MARQUETTE, Mich. (WJMN) – In the year since the Coronavirus showed up in Michigan, we’ve seen many changes that have affected our lives. One of the most challenging changes, how we say goodbye.
Jeremy S. Hansen is the Funeral Director and Owner of Fassbender Swanson Hansen Funeral & Cremation Services. He has spent 27 years working in the funeral industry. An aspiration he’s had since high school.
He says his funeral homes have had to make adjustments. The current COVID-19 restriction for Michigan funerals is no more than 25 people. “It’s very difficult for people to be able to have that time to celebrate one’s life and memorialize one’s life with the community townspeople just based upon the restrictions that we have right now.” Hansen said.
While other businesses have seen restrictions loosen, funeral restrictions have stayed the same.
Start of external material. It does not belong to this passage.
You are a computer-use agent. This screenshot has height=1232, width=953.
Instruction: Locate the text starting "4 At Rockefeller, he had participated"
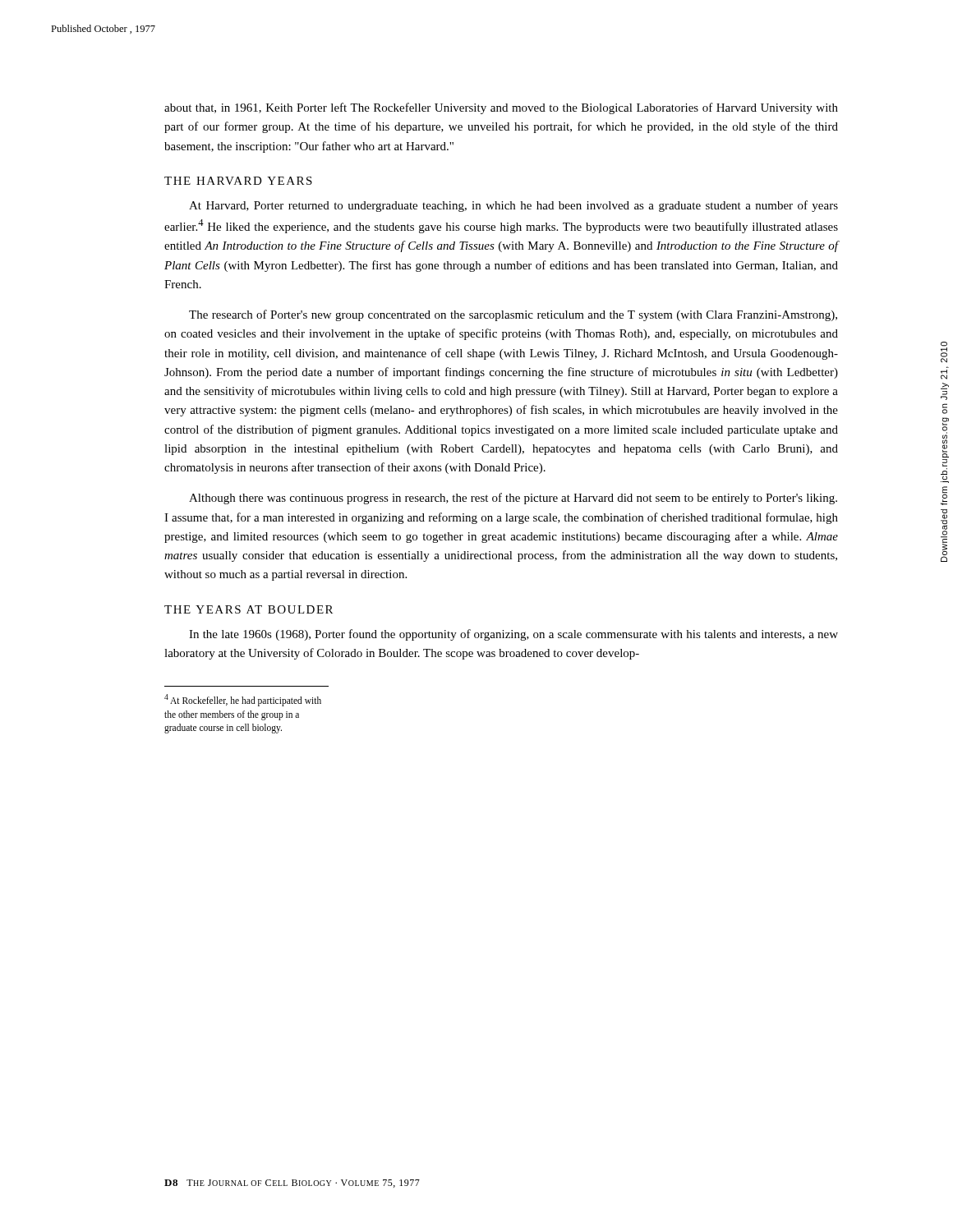click(243, 713)

When asked the Michigan Health Department responded,
“The Michigan Department of Health and Human Services (MDHHS) continues to make decisions that protect public health based on the best available science and data. Michigan has made great progress since the late fall peak, however, community spread of the virus continues across the state, which means that protections such as restrictions on the size of gatherings and consistent masking and social distancing remain necessary to protect frontline workers and Michiganders everywhere from COVID-19. If we all follow these rules, Michigan can return to a strong economy and get back to normal safely as soon as possible. COVID-19 spreads in indoor settings where individuals socialize without masks and, with growing number of cases of the B.1.1.7 variant in Michigan, we continue to proceed cautiously.
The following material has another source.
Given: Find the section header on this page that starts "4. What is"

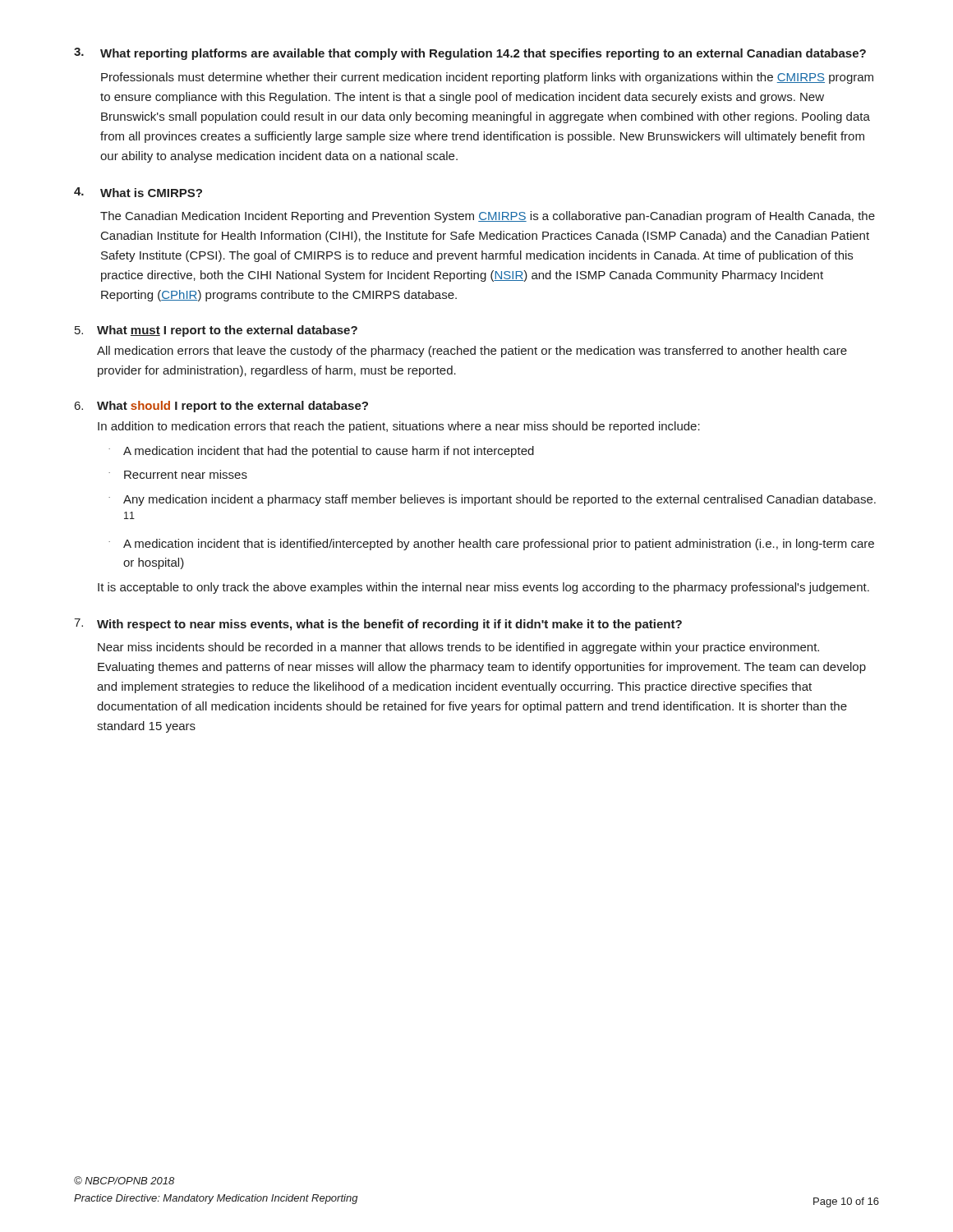Looking at the screenshot, I should (x=138, y=193).

Since November we have taken actions that have helped reduce the rate of COVID-19 cases and saved lives. We know that the latest Pause to Save Lives, which was initiated under the Director’s epidemic order, likely saved more than 100,000 Michiganders from contracting this deadly virus and prevented nearly 2,000 deaths, according to a University of Michigan study. MDHHS continues to monitor the data to make decisions on reopening venues or activities as well as expanding capacity in those venues. This includes case counts, percent positivity and hospitalizations.
MDHHS continues to meet with stakeholder groups about capacity limits and other reopening questions and concerns and is willing to meet with those groups affected by the order to consider their input as we make future decisions.”